---------- DATA FOR PROCESSING

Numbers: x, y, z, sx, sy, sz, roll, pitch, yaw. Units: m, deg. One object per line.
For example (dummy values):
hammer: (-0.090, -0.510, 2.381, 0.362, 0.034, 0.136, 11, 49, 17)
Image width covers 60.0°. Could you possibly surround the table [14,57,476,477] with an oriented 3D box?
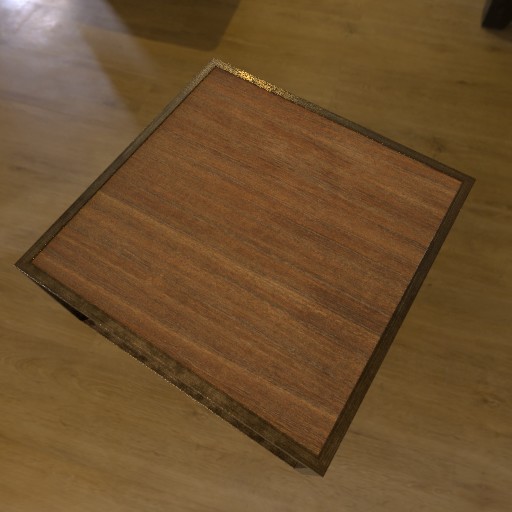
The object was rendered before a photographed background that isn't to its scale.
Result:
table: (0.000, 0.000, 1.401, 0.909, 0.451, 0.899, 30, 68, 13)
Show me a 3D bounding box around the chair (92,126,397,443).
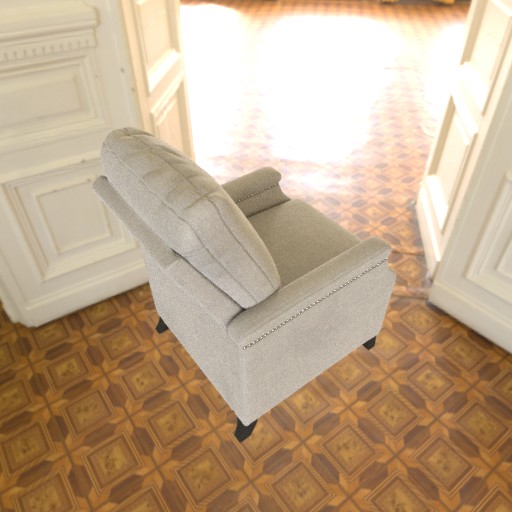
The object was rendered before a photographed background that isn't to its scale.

--------------------

• **WORK TO BE COMPLETED**:
Without the pictures, output the full listing exactly as it stands.

• **EXPECTED ANSWER**:
Numbers: x, y, z, sx, sy, sz, roll, pitch, yaw. Units: m, deg. One object per line.
For example (dummy values):
hammer: (-0.090, -0.510, 2.381, 0.362, 0.034, 0.136, 11, 49, 17)
Image width covers 60.0°. Could you possibly surround the table [14,57,476,477] with an oriented 3D box?
The object was rendered before a photographed background that isn't to its scale.
Result:
table: (0.000, 0.000, 1.401, 0.909, 0.451, 0.899, 30, 68, 13)
Show me a 3D bounding box around the chair (92,126,397,443).
The object was rendered before a photographed background that isn't to its scale.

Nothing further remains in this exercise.